-- TASK INPUTS --
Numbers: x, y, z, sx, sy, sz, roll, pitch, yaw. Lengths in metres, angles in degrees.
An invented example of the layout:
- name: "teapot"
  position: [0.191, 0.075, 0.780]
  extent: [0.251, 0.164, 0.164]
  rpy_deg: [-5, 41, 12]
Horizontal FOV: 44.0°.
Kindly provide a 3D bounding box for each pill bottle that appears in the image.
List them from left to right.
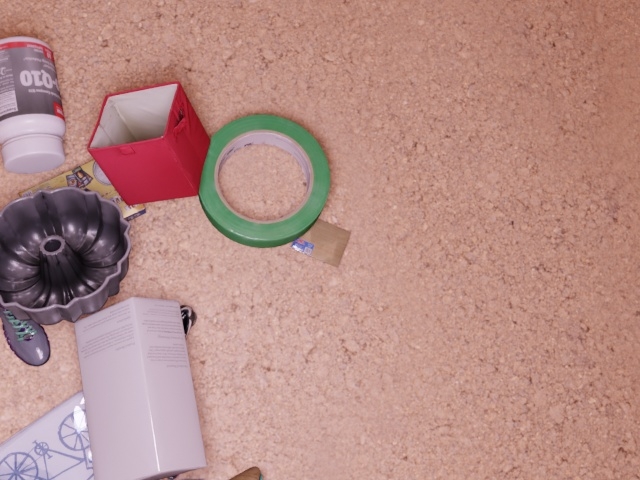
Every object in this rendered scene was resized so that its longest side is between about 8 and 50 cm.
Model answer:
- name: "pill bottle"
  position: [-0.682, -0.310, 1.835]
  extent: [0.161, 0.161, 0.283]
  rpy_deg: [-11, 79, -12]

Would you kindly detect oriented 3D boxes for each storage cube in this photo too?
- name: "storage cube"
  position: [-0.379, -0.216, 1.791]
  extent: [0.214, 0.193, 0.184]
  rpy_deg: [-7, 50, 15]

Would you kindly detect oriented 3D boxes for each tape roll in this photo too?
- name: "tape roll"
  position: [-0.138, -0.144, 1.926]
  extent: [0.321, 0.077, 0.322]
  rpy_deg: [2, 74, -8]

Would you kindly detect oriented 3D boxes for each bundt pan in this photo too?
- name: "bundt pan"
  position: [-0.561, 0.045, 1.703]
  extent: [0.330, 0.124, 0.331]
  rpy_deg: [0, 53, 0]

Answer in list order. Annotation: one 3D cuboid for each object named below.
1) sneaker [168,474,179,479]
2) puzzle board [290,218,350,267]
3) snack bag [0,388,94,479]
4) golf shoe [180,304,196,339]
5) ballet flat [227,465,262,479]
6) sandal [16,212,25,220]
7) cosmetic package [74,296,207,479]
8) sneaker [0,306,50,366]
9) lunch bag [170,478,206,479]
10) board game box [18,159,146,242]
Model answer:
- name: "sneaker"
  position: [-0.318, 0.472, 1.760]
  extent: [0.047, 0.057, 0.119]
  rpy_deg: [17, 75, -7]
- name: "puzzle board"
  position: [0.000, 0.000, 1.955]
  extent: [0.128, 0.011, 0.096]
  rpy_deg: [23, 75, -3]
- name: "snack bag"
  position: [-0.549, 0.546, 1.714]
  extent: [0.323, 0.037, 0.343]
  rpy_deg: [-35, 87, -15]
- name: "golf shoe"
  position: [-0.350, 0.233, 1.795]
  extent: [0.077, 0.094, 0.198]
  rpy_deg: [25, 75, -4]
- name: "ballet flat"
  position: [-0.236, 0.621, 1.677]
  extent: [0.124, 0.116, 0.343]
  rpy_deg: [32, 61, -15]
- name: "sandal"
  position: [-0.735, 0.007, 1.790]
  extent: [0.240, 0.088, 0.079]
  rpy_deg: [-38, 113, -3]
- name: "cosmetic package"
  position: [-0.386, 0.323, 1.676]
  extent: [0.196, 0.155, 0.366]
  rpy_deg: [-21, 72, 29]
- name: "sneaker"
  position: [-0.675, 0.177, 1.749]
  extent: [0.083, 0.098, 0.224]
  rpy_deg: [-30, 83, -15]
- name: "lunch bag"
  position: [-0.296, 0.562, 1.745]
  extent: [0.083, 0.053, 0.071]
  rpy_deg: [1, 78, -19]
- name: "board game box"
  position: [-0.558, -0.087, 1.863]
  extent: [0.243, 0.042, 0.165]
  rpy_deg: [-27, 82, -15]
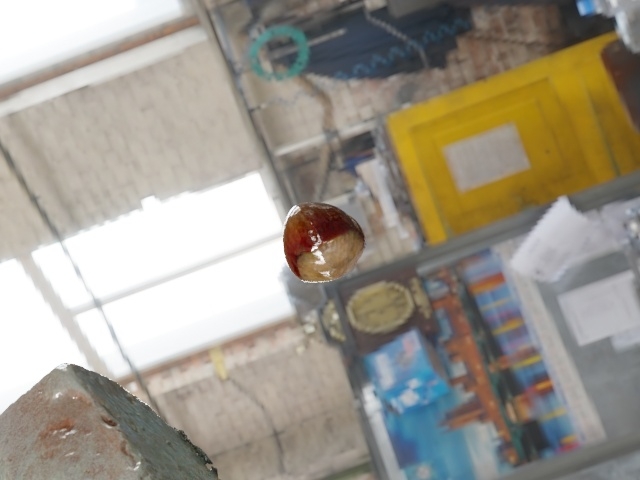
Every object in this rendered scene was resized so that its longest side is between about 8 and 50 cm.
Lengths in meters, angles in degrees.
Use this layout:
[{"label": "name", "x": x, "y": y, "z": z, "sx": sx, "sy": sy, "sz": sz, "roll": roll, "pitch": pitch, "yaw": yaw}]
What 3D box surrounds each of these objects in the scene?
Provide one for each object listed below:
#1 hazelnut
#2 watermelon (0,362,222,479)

-- ASSIGNMENT --
Tally the lines above containing "layout". Number only.

-- ANSWER BOX --
2